(Stored data entries)
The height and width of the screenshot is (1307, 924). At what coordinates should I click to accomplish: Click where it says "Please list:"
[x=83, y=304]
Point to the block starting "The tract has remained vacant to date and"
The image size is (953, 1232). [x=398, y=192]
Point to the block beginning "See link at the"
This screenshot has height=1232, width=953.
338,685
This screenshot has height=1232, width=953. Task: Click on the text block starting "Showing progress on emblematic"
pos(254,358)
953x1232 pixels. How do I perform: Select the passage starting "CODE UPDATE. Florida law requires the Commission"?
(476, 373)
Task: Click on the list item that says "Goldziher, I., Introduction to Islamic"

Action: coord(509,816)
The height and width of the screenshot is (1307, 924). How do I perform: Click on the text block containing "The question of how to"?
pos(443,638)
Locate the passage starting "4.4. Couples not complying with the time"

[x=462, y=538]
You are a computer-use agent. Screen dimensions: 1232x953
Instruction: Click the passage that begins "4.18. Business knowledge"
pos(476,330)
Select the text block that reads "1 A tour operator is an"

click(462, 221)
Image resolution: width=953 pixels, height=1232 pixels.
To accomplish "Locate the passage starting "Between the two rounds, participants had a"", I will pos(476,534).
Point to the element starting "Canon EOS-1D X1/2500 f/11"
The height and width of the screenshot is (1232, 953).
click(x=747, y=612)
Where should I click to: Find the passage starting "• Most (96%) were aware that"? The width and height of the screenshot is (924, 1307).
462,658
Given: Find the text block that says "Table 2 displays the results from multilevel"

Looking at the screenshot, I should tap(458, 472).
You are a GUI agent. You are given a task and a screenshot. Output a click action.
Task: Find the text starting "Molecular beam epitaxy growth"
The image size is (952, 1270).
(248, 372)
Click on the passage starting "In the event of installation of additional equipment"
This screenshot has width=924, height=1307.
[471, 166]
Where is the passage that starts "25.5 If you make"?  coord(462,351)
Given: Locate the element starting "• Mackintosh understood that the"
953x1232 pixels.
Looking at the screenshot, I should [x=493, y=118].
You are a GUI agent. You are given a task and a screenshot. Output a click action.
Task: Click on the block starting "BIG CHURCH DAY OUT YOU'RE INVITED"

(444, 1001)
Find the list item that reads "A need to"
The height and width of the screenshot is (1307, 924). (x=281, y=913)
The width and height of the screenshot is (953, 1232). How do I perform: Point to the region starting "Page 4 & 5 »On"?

#### Exercise:
Retyping the data above exactly and in full is the task.

#### Task output:
The height and width of the screenshot is (1307, 924). At what coordinates should I click to accomplish: Click where it says "Please list:"
[x=83, y=304]
Point to the block starting "The tract has remained vacant to date and"
The image size is (953, 1232). [x=398, y=192]
Point to the block beginning "See link at the"
This screenshot has height=1232, width=953.
338,685
This screenshot has height=1232, width=953. Task: Click on the text block starting "Showing progress on emblematic"
pos(254,358)
953x1232 pixels. How do I perform: Select the passage starting "CODE UPDATE. Florida law requires the Commission"?
(476, 373)
Task: Click on the list item that says "Goldziher, I., Introduction to Islamic"

Action: coord(509,816)
The height and width of the screenshot is (1307, 924). How do I perform: Click on the text block containing "The question of how to"?
pos(443,638)
Locate the passage starting "4.4. Couples not complying with the time"

[x=462, y=538]
You are a computer-use agent. Screen dimensions: 1232x953
Instruction: Click the passage that begins "4.18. Business knowledge"
pos(476,330)
Select the text block that reads "1 A tour operator is an"

click(462, 221)
Image resolution: width=953 pixels, height=1232 pixels.
To accomplish "Locate the passage starting "Between the two rounds, participants had a"", I will pos(476,534).
Point to the element starting "Canon EOS-1D X1/2500 f/11"
The height and width of the screenshot is (1232, 953).
click(x=747, y=612)
Where should I click to: Find the passage starting "• Most (96%) were aware that"? The width and height of the screenshot is (924, 1307).
462,658
Given: Find the text block that says "Table 2 displays the results from multilevel"

Looking at the screenshot, I should tap(458, 472).
You are a GUI agent. You are given a task and a screenshot. Output a click action.
Task: Find the text starting "Molecular beam epitaxy growth"
The image size is (952, 1270).
(248, 372)
Click on the passage starting "In the event of installation of additional equipment"
This screenshot has width=924, height=1307.
[471, 166]
Where is the passage that starts "25.5 If you make"?  coord(462,351)
Given: Locate the element starting "• Mackintosh understood that the"
953x1232 pixels.
Looking at the screenshot, I should [x=493, y=118].
You are a GUI agent. You are given a task and a screenshot. Output a click action.
Task: Click on the block starting "BIG CHURCH DAY OUT YOU'RE INVITED"

(444, 1001)
Find the list item that reads "A need to"
The height and width of the screenshot is (1307, 924). (x=281, y=913)
The width and height of the screenshot is (953, 1232). How do I perform: Point to the region starting "Page 4 & 5 »On"?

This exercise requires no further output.